By the time we reach Detective Comics #853, it
becomes clear that each of the stories told by the guests
at Batman’s funeral is a possible “imaginary story” that
concludes with Batman’s death. Many of the stories are
familiar and some are not, though it ultimately doesn’t
matter. As Batman says, “I’ve learned…that it doesn’t
matter what the story is, some things never change. Because
even when they aren’t talking about me, they are. Because
they’re talking about Batman. The Batman doesn’t
compromise. I keep this city safe…even if it’s safe by just
one person…and I do not ever give in or give up” (p. 12).
Through it all, narrative captions provide commentary and
response. Blue-tinted caption panels clearly provide
Batman’s thoughts while looking at his own funeral scene,
but the gray-tinted panels are unattributed until nine
pages into Detective #853. When Bruce Wayne’s
mother, Martha Wayne, emerges from the shadows to talk to
her son, the story shifts significantly.
The majority of Detective Comics #853 reads like a
modern visual/lyrical adaptation of Achilleus’ shield.
While Batman focuses on his mission—his war on crime
through which he hopes to avenge the murders of his
family—his mother calls his attention to the costs of war
and the reasons why men fight wars to begin with. One of
the most touching scenes occurs when, after Batman has
given a resolute mission statement about his role as the
caped crusader, his mother provides a reality check that
he’s needed to hear his entire life: “That’s right, Bruce.
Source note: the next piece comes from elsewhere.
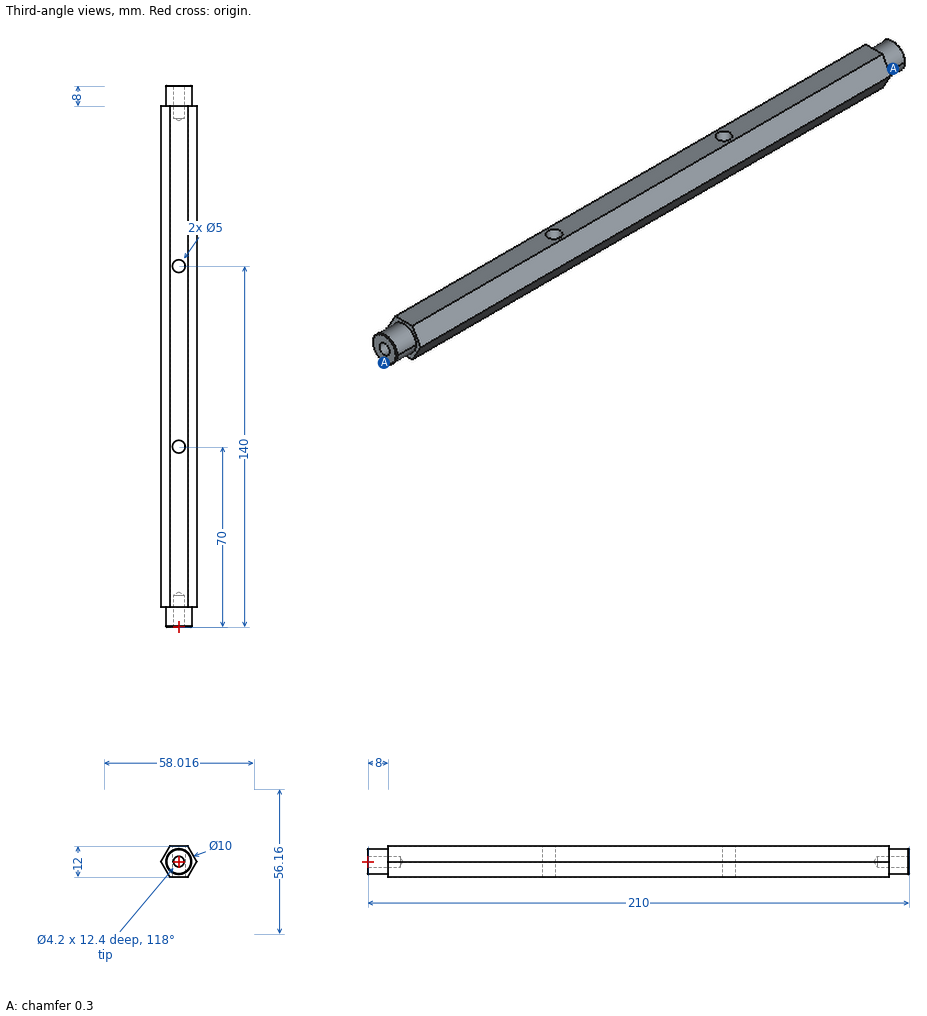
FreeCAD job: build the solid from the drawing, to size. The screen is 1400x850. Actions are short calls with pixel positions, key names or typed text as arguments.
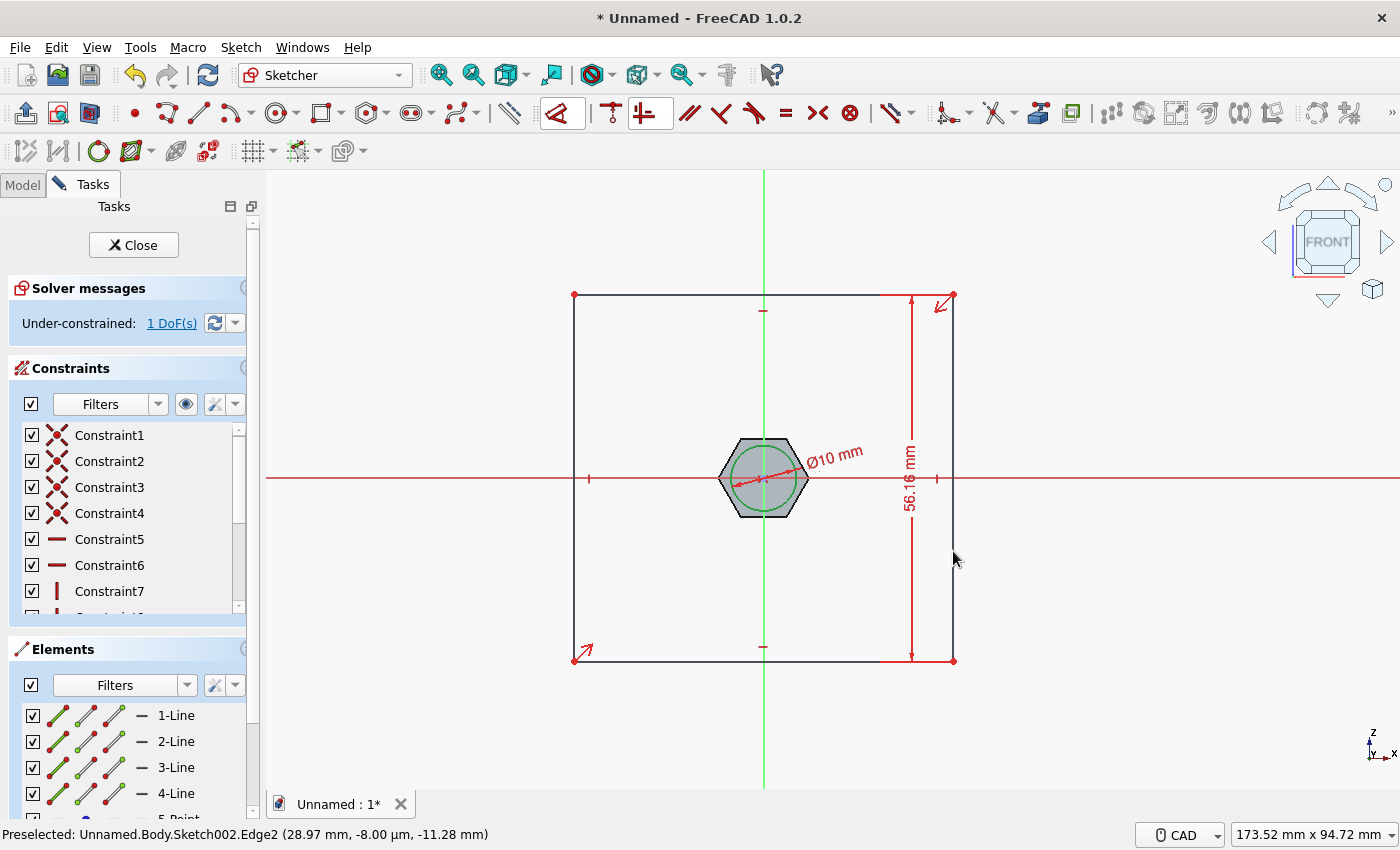
click(688, 662)

You fight until you die. And then you die. When they can
find a body, they…they put you in a coffin. Until then you
keep fighting. Because you can’t stop it from happening
again. Because, no matter how many lives you save, you
can’t bring us back” (p. 15). The next page shifts into a
scene from Bruce’s childhood in which his mother reads to
him from The Goodnight Book (obviously a version
of Goodnight Moon). The rest of the story quietly
pulls apart the chaotic, disparate elements of Batman’s
vast history and quietly puts each of them to sleep.
Ultimately, “Whatever Happened to the Caped Crusader?” is
not at all like “Whatever Happened to the Man of
Tomorrow?”—or any other superhero story, for that matter.
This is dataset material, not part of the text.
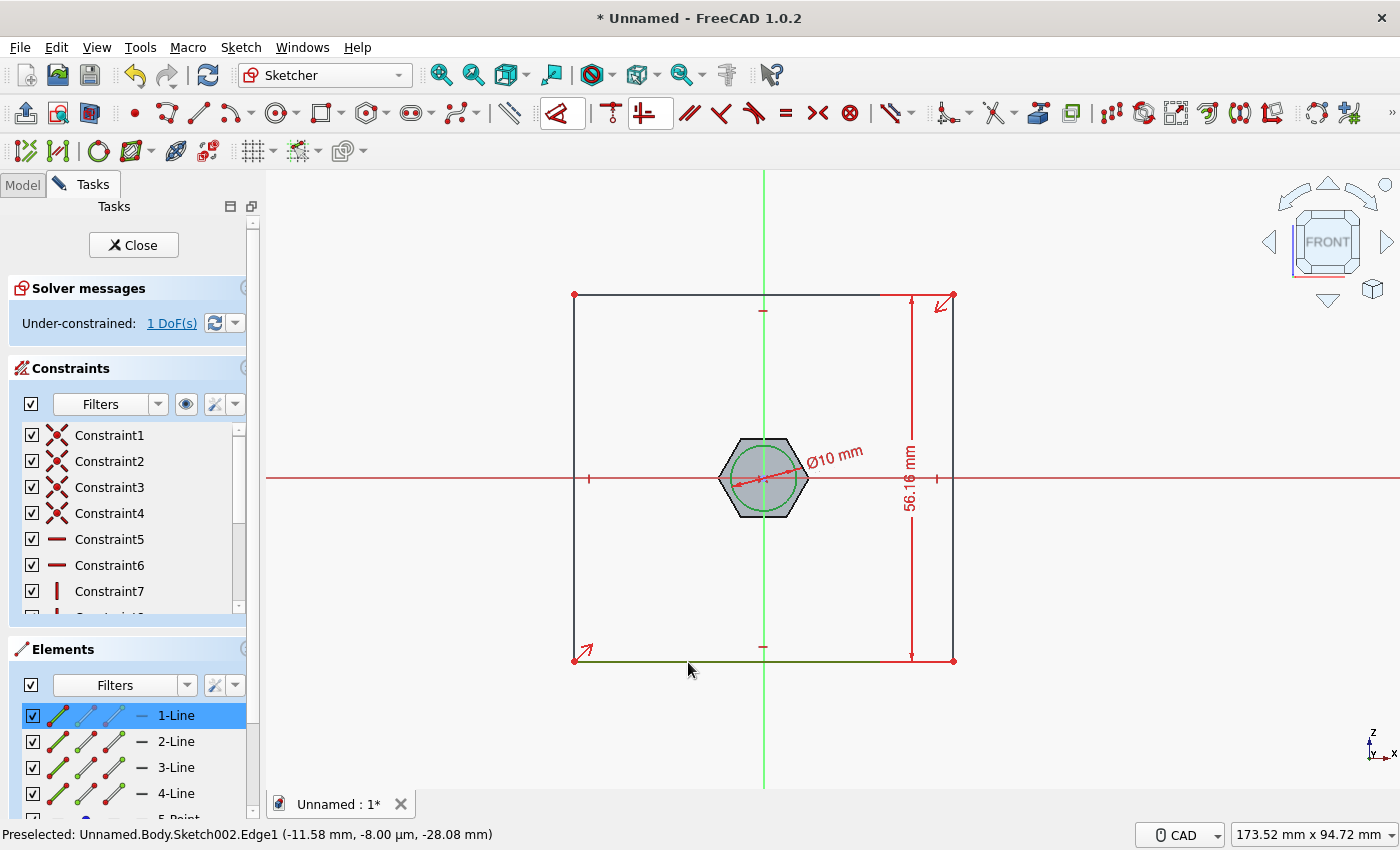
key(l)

It is far more similar to The Sandman #56—the last
issue of Gaiman’s “World’s End” storyline, in which
characters gather round, tell tales, and witness the
passing of a legendary figure. But “Whatever Happened to
the Caped Crusader?” is more than a simple, beautiful elegy
(though it certainly is that, too); it’s a philosophical
exploration of one of the most complex psychologies in
comic book history. Batman has always thought he’s fighting
to avenge the deaths of his parents, and he has given
little thought to reward or the afterlife. But his mother
provides a jarring clarity when she tells him that “You
don’t get Heaven, or Hell. Do you know the only reward you
get for being Batman? You get to be Batman. And—when you’re
a child—you get a handful of years of real happiness, with
your father, with me. It’s more than some people get” (19).
This doesn’t change Batman’s mission (in any of his
possible lives), but it does add a tragicomic element to
the Batman mythos that has always been there under the
surface but never so clear—as Alexander Pope said, “what
was oft thought/but ne’er so well expressed.”
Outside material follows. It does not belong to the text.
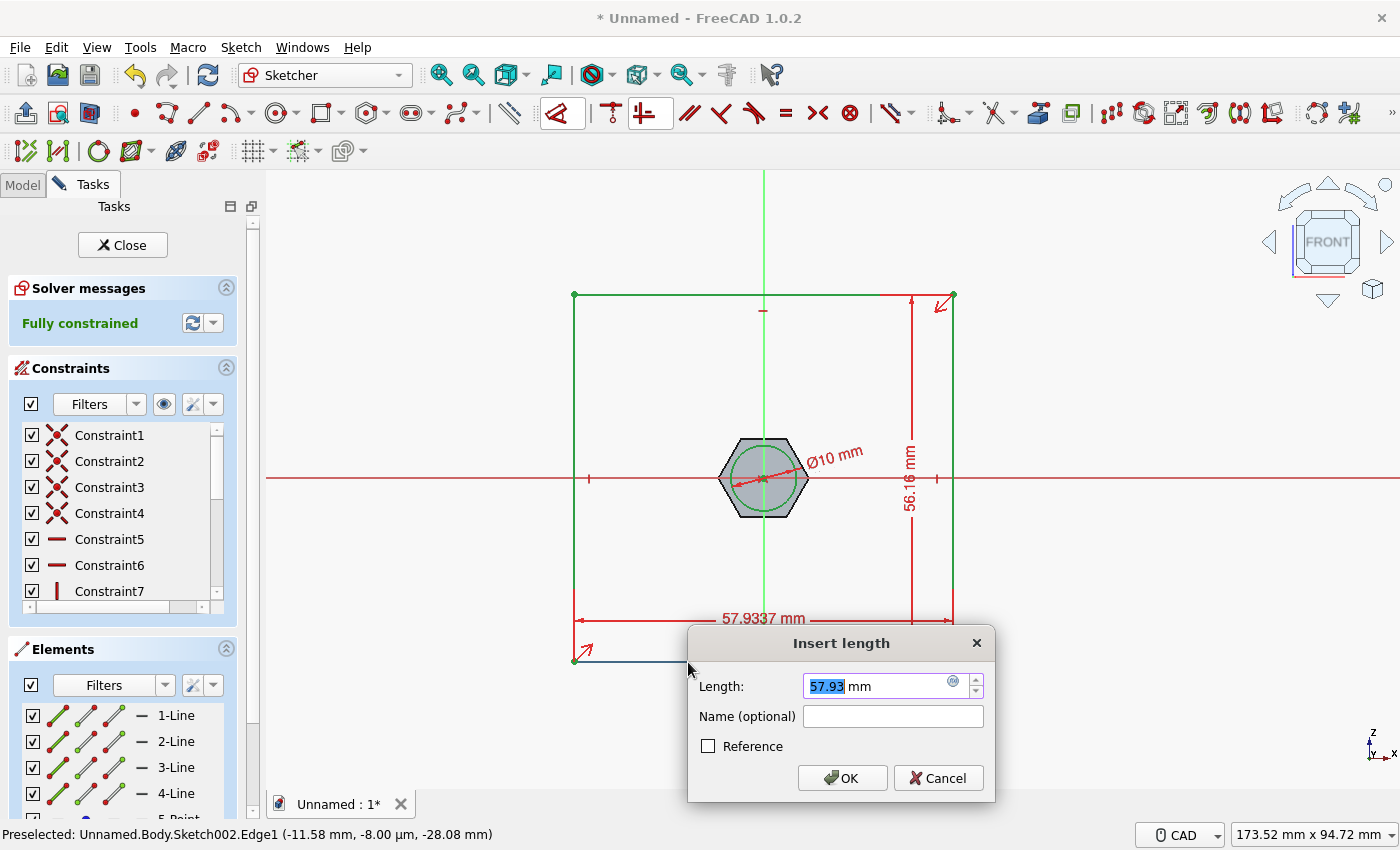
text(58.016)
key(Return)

When the story slipped into its denouement (an extended
echo of Goodnight Moon), I teared up. And I
couldn’t talk for a while after I’d finished. Perhaps this
is because I have a son to whom I read a variation of this
story every other day. But after talking with several other
people (parents and non-parents) who have read this story,
I have to imagine that Gaiman and Kubert have touched a
more universal nerve with their treatment of this character
and this story. All these things—these various pieces of
this recognizable character’s life—are tinged with an air
of tragedy. Putting them to bed provides a rest that Batman
can never take of his own accord during his life. Peace and
rest are the true antagonists to the Batman we’ve always
known, and it’s genuinely moving to see them finally win a
battle—even if this is only an imaginary story.